Like energy markets, stock and credit markets also fluctuate in cycles. Emphasizing businesses with balance sheet strength improves portfolio resiliency when the unexpected occurs. As well, investing in cycle-minded management teams that strengthen their competitive position during tough times improves their business permanence and long-term outlook. Our equity strategies hold a balance sheet advantage on a trailing cash flow to debt basis. This advantage is also maintained over time to better ensure staying power and durable growth.
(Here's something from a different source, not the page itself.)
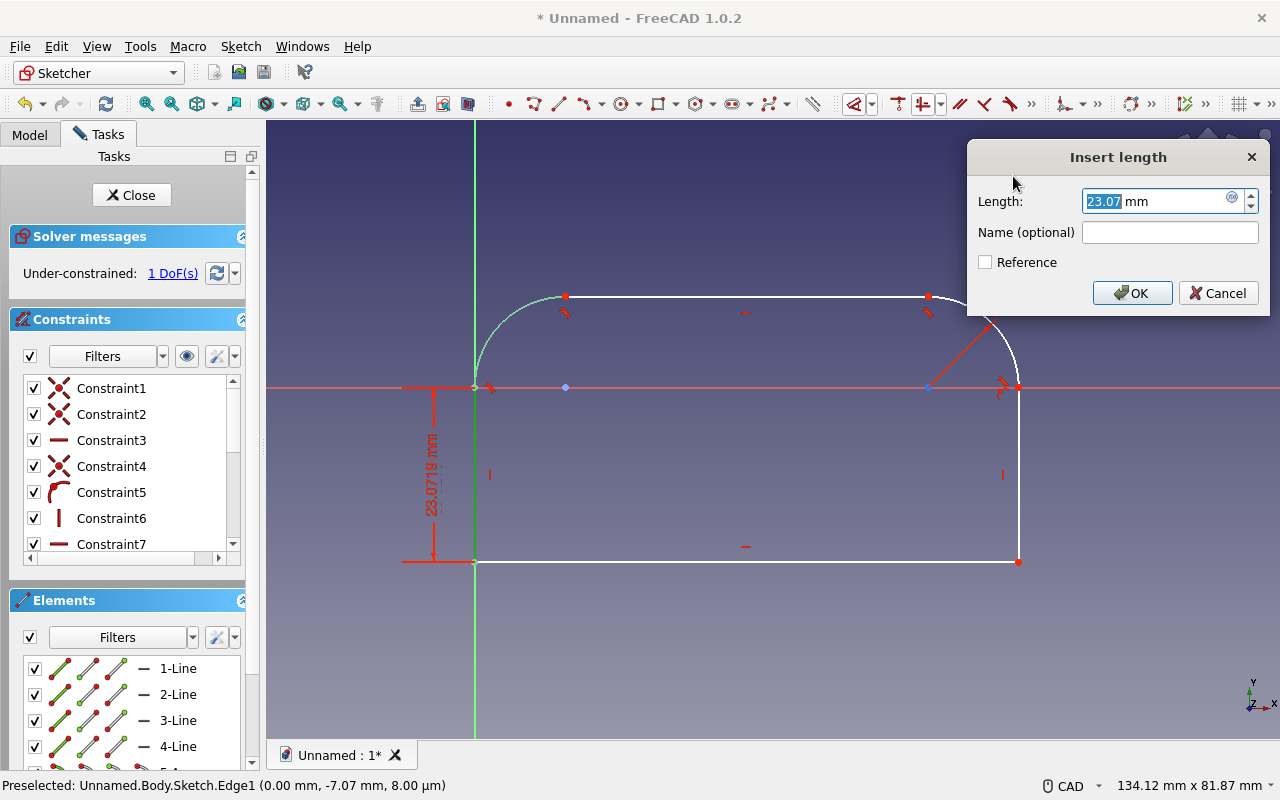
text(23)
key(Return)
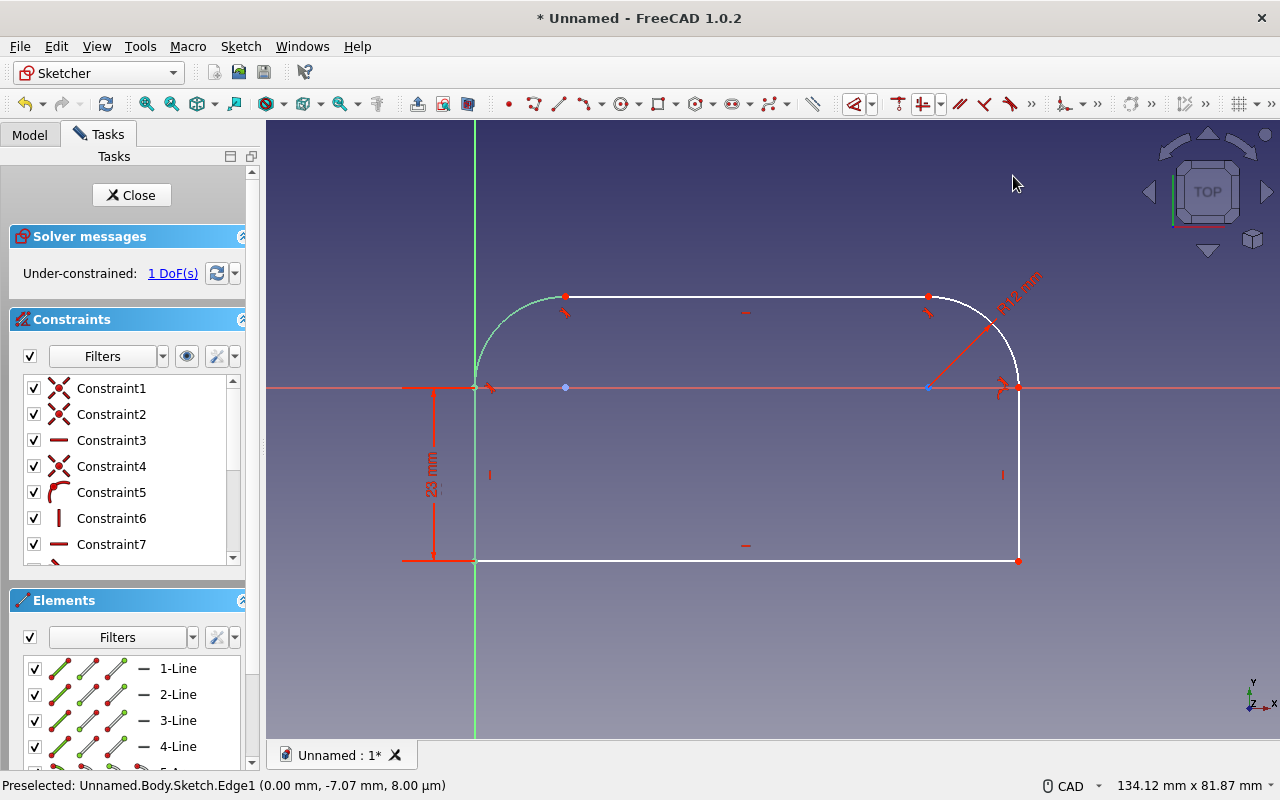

Source: Capital IQ & QV Investors Inc.
As policy rates decline and the cost of capital cheapens, businesses and households may incrementally take on more leverage, as is typically the case. This may fuel a continued market melt-up leading to further valuation expansion to even richer levels. QV’s focus remains centered on a multi-element discipline to achieving a margin of safety. QV’s investment strategies are not the market. They are built differently and so are expected to behave differently. Political and economic uncertainty remains elevated at a time when market multiples are priced with little margin for error. Starting valuations matter and so does financial flexibility. A focus on managing risk over maximizing returns during times like today has typically paid off in the past as the market does not always move in a straight line.